The acceleration of Wall Street cannot be separated from the automation of Wall Street. Since the dawn of the computer age, humans have worried about sophisticated artificial intelligence—HAL, Skynet, the Matrix—seizing control. But traders, in their quest for that million-dollar millisecond, have willingly handed over the reins. Although humans still run the banks and write the code, algorithms now make millions of moment-to-moment calls in the global markets. Some can even learn from their mistakes. Unfortunately, notes Weisenborn, "one thing you can't teach a computer is judgment."
Could high frequency trading algorithms be designed to respond automatically to world-changing headlines that flash over the wire? If so, then it would explain the remarkable speed with which so many stupid decisions were made today.  Besides, it's certainly no less likely than a robot writing that headline in that first place.  

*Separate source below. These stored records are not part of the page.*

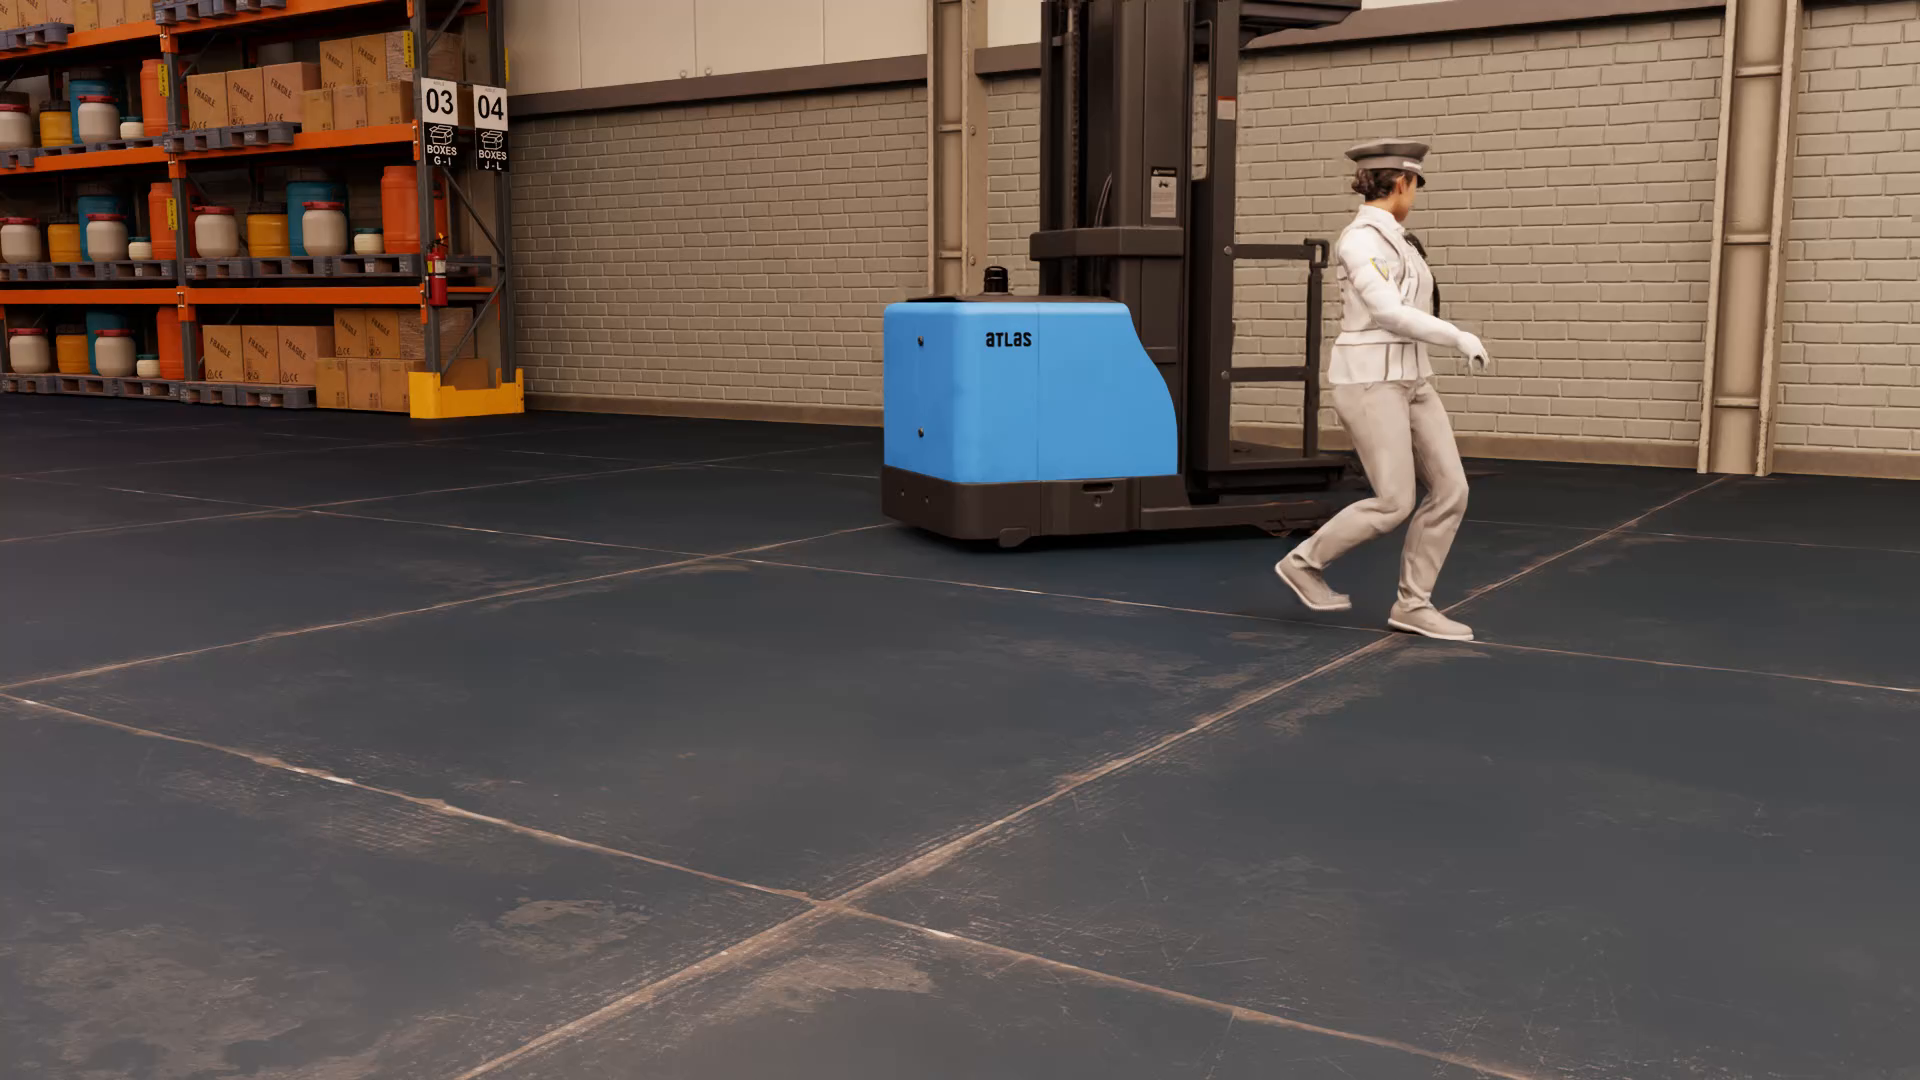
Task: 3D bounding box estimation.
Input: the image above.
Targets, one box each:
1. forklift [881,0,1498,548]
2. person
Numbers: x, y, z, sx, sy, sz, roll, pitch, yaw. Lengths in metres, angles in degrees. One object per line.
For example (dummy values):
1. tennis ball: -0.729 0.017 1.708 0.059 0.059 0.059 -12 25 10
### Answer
1. forklift: 1.192 -1.526 7.927 3.031 2.935 1.130 -3 9 -23
2. person: 1.409 -0.492 5.440 0.634 1.604 0.587 7 10 39

Visit the website of Forbes.com and read the earnings forecasts for the New York Times Company, and you will notice the byline "By Narrative Science". Normally you have to open a copy of Wallpaper* to find someone with such a florid monicker. Except of course Narrative Science is not a person but a robot journalist – actually a set of algorithms which take data and turn it into words.
So not only have we automated the task of analyzing and responding to real world market information, but we're also putting the machines in charge of defining it. If we're going to outsource even the practice of bullshitting one another out of our money we're truly scraping the bottom of the barrel of what's left of human usefulness.